As a result of these provisions the judgment of Laitram's patent superiority forecloses Deepsouth and its customers from any future use (other than a use approved by Laitram or occurring after the Laitram patent has expired) of its deveiners 'throughout the United States.' The patent provisions taken in conjunction with the judgment below also entitle Laitram to the injunction it has received prohibiting Deepsouth from continuing to 'make' or, once made, to 'sell' deveiners 'throughout the United States.' Further, Laitram may recover damages for any past unauthorized use, sale, or making 'throughout the United States.' This much is not disputed.
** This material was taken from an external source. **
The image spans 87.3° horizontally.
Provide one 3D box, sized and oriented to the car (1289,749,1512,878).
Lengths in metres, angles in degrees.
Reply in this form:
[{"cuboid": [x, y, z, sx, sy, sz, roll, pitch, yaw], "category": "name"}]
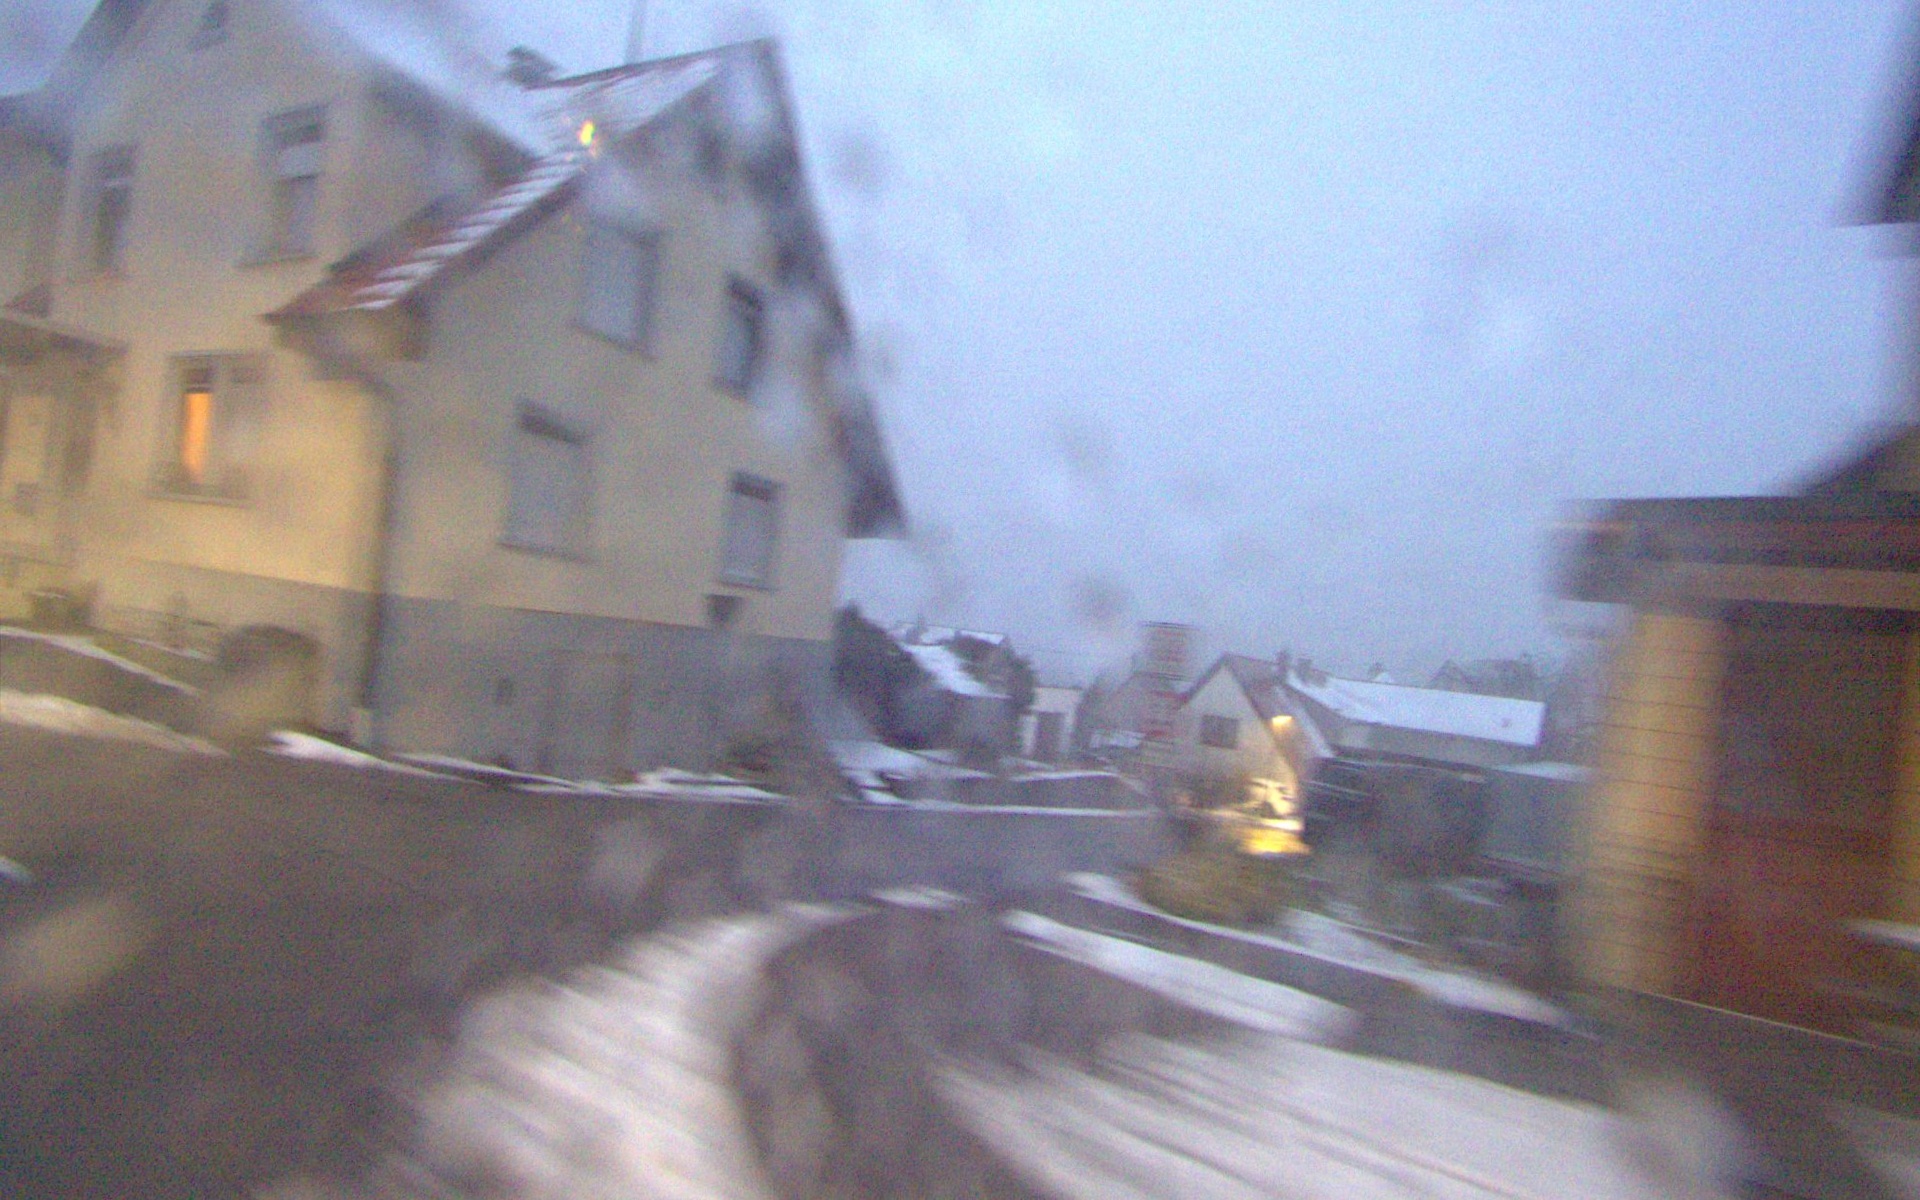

But Deepsouth argues that it is not liable for every type of past sale and that a portion of its future business is salvageable. Section 154 and related provisions obviously are intended to grant a patentee a monopoly only over the United States market; they are not intended to grant a patentee the bonus of a favored position as a flagship company free of American competition in international commerce. Deepsouth, itself barred from using its deveining machines, or from inducing others to use them 'throughout the United States,' barred also from making and selling the machines in the United States, seeks to make the parts of deveining machines, to sell them to foreign buyers, and to have the buyers assemble the parts and use the machines abroad.5 Ac- cordingly, Deepsouth seeks judicial approval, expressed through a modification or interpretation of the injunction against it, for continuing its practice of shipping deveining equipment to foreign customers in three separate boxes, each containing only parts of the 1 3/4-ton machines, yet the whole assemblable in less than one hour.6 The company contends that by this means both the 'making' and the 'use' of the machines occur abroad and Laitram's lawful monopoly over the making and use of the machines throughout the United States is not infringed.

Laitram counters that this course of conduct is based upon a hypertechnical reading of the patent code that, if tolerated, will deprive it of its right to the fruits of the inventive genius of its assignors. 'The right to make can scarcely be made plainer by definition . . .,' Bauer v. O'Donnell, 229 U.S. 1, 10, 33 S.Ct. 616, 617, 57 L.Ed. 1041 (1913). Deepsouth in all respects save final assembly of the parts 'makes' the invention. It does so with the intent of having the foreign user effect the combination without Laitram's permission. Deepsouth sells these components as though they were the...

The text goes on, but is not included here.